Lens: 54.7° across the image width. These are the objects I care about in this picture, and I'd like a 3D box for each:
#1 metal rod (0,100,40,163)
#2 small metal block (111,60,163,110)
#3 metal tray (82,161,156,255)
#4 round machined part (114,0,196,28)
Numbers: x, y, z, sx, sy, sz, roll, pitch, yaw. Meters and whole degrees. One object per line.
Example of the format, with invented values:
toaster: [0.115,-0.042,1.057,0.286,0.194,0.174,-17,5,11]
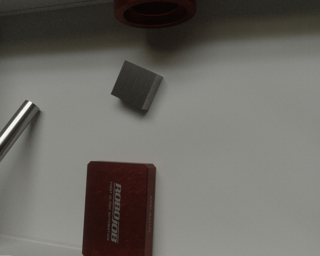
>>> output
metal rod: [-0.267,0.087,0.429,0.025,0.025,0.300,22,69,18]
small metal block: [-0.031,-0.058,0.421,0.050,0.025,0.050,27,99,17]
metal tray: [-0.055,0.112,0.420,0.090,0.030,0.129,1,85,19]
round machined part: [-0.007,-0.157,0.374,0.098,0.098,0.042,-4,89,19]

==============================

_TASK STATEMENT_
Output all of the data word for word, excluding any pictures.

_FINISHED EXERCISE_
Lens: 54.7° across the image width. These are the objects I care about in this picture, and I'd like a 3D box for each:
#1 metal rod (0,100,40,163)
#2 small metal block (111,60,163,110)
#3 metal tray (82,161,156,255)
#4 round machined part (114,0,196,28)
Numbers: x, y, z, sx, sy, sz, roll, pitch, yaw. Meters and whole degrees. One object per line.
Example of the format, with invented values:
toaster: [0.115,-0.042,1.057,0.286,0.194,0.174,-17,5,11]
>>> output
metal rod: [-0.267,0.087,0.429,0.025,0.025,0.300,22,69,18]
small metal block: [-0.031,-0.058,0.421,0.050,0.025,0.050,27,99,17]
metal tray: [-0.055,0.112,0.420,0.090,0.030,0.129,1,85,19]
round machined part: [-0.007,-0.157,0.374,0.098,0.098,0.042,-4,89,19]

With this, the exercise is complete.